Defence Nuclear Organisation

Agency overview
- Formed: 2016
- Jurisdiction: United Kingdom
- Headquarters: MoD Main Building, Whitehall
- Employees: Over 450
- Minister responsible: Luke Pollard MP, Minister of State for Defence Readiness and Industry;
- Agency executive: Madelaine McTernan, Chief of Defence Nuclear;
- Parent agency: Ministry of Defence
- Website: www.gov.uk/government/organisations/defence-nuclear-organisation

= Defence Nuclear Organisation =

Government agency in the United Kingdom

The Defence Nuclear Organisation (DNO) is one of the seven top level budget holders within the United Kingdom's Ministry of Defence (MOD). The organisation was formed in 2016, in order to oversee the MOD's nuclear enterprise.

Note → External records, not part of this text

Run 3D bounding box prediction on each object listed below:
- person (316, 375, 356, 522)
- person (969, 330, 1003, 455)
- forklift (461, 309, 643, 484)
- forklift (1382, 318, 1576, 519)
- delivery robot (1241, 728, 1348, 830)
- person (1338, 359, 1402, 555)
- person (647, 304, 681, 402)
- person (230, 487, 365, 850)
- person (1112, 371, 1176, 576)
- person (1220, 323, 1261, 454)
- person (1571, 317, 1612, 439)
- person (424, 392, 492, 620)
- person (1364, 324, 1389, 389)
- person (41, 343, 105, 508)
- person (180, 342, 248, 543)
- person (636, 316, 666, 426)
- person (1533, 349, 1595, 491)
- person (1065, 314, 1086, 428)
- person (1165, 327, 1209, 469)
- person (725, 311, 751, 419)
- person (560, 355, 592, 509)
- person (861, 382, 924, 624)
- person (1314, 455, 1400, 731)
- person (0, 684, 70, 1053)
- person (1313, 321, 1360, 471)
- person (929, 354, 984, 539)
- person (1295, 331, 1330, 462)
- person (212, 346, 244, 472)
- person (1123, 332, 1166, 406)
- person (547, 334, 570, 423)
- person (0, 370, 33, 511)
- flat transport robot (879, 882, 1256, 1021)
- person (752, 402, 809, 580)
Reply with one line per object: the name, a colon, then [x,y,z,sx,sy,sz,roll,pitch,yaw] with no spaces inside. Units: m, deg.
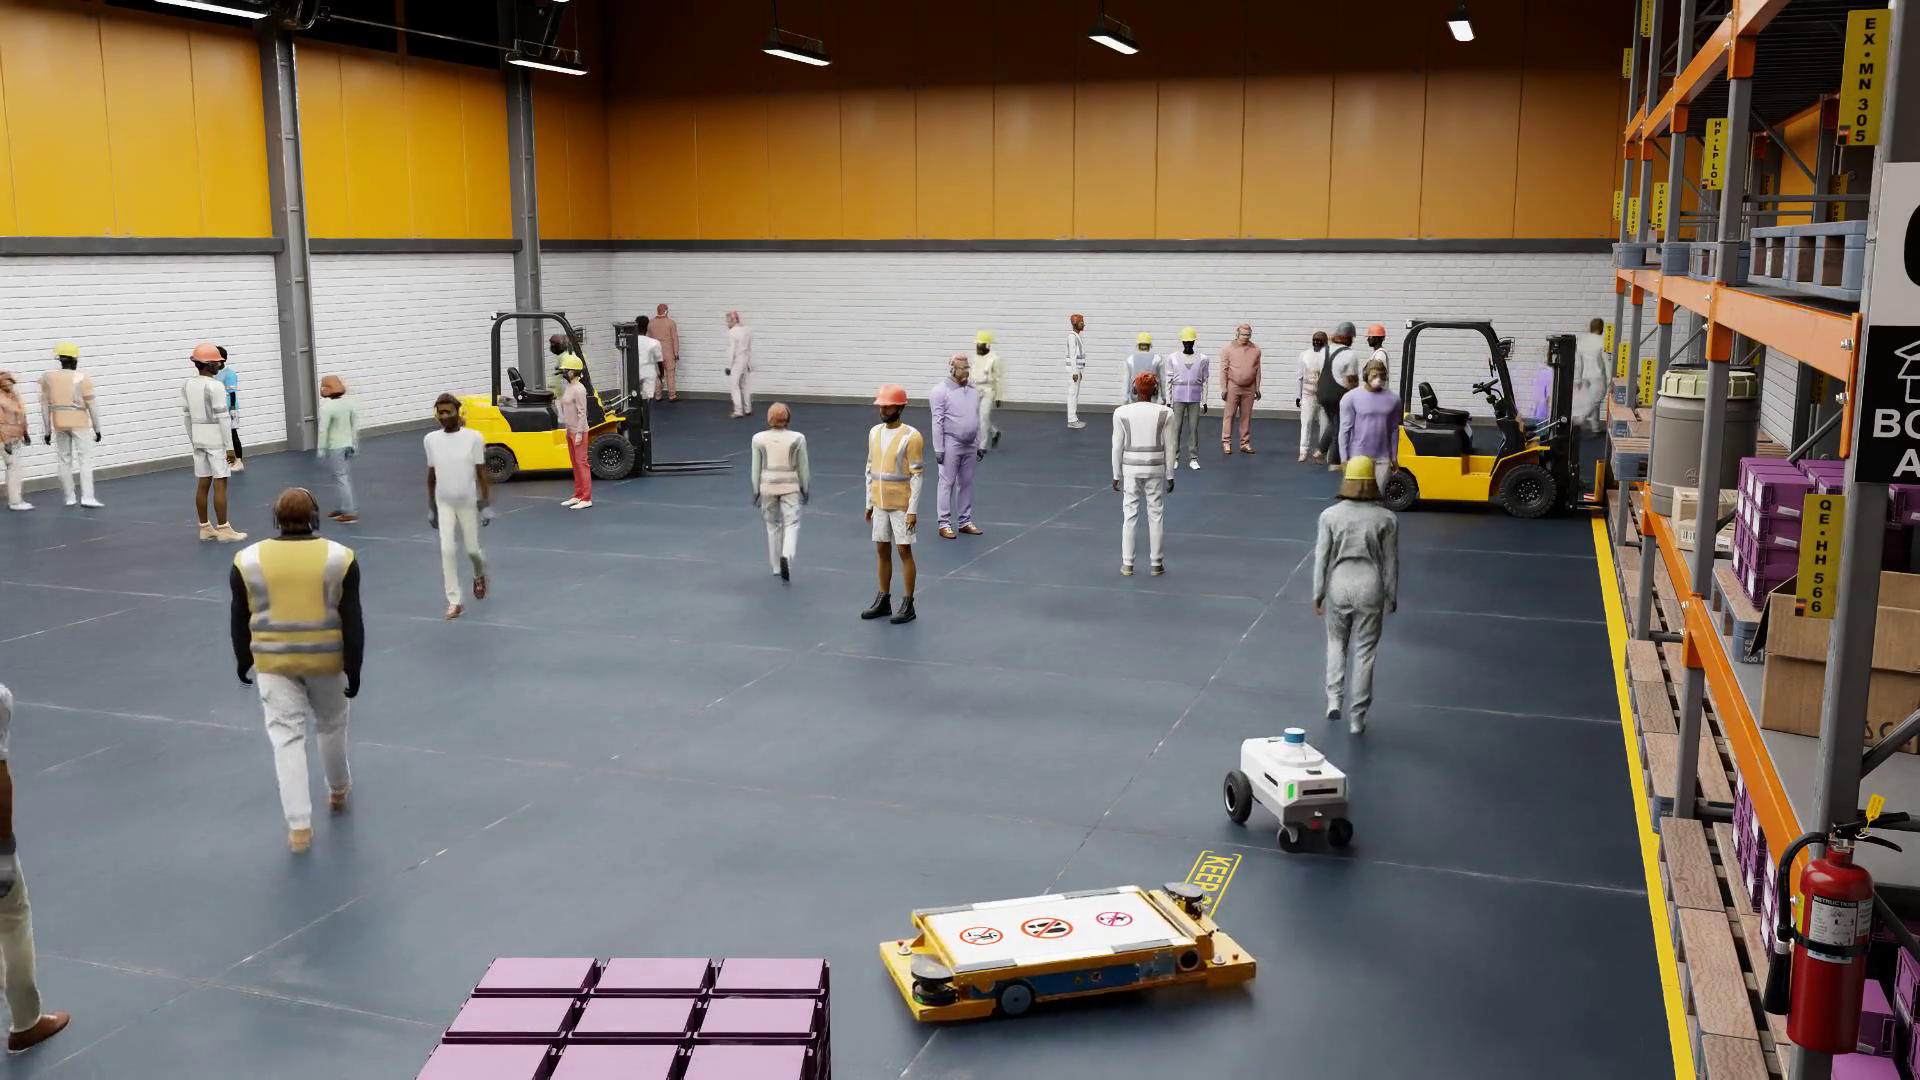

Staff are primarily based at the organisation's headquarters in the MOD Main Building in Whitehall, with over 300 staff also based at MOD Abbey Wood in Bristol, RNAD Coulport in Argyll, and the Atomic Weapons Establishment near Reading.

==Functions==
The Defence Nuclear Organisation primarily serves to oversee the Ministry of Defence's Defence Nuclear Enterprise, which in particular provides the United Kingdom's continuous at sea deterrent.

==Defence Nuclear Enterprise==
The Defence Nuclear Enterprise (DNE) consists of the Submarine Delivery Agency, the Atomic Weapons Establishment, the nuclear-related costs of parts of the Military Strategic Headquarters particularly in the Royal Navy, together with the main industrial partner companies including BAE Systems Submarines, Rolls-Royce Submarines and Babcock International which build and maintain the submarines. This includes, the scientific research surrounding the nuclear program, the delivery of nuclear warheads, providing appropriate infrastructure for the program, and disposing of nuclear assets.

About 20% of the MOD budget was spent on the DNE in 2025–26, as a ring-fenced budget, with a projection that this proportion will continue to increase to between 20% and 25% of the MOD budget.

The nine most costly DNE programmes, each of which has a whole-life cost exceeding £10 billion, are:

- Astute-class submarines
- SSN-AUKUS
- Astraea nuclear warhead
- Dreadnought-class submarines
- Future Materials Campus at Atomic Weapons Establishment Aldermaston
- HMNB Clyde Transformation Programme
- Nuclear Core Production Capability at Rolls-Royce Submarines in Raynesway, Derby
- Nuclear Fuels Programme (in early development phase)
- Submarine Build Modernisation at BAE Systems Submarines

In 2024, a Public Accounts Committee report on sound financial practice identified a gap in parliamentary scrutiny of the Defence Nuclear Enterprise. The government responded in 2026, suggesting the establishment of a new House of Commons Committee to conduct scrutiny of DNE expenditure and programmes. Given the classified nature of this topic, the committee would be appointed by the prime minister and report substantive findings privately to the prime minister and defence secretary only.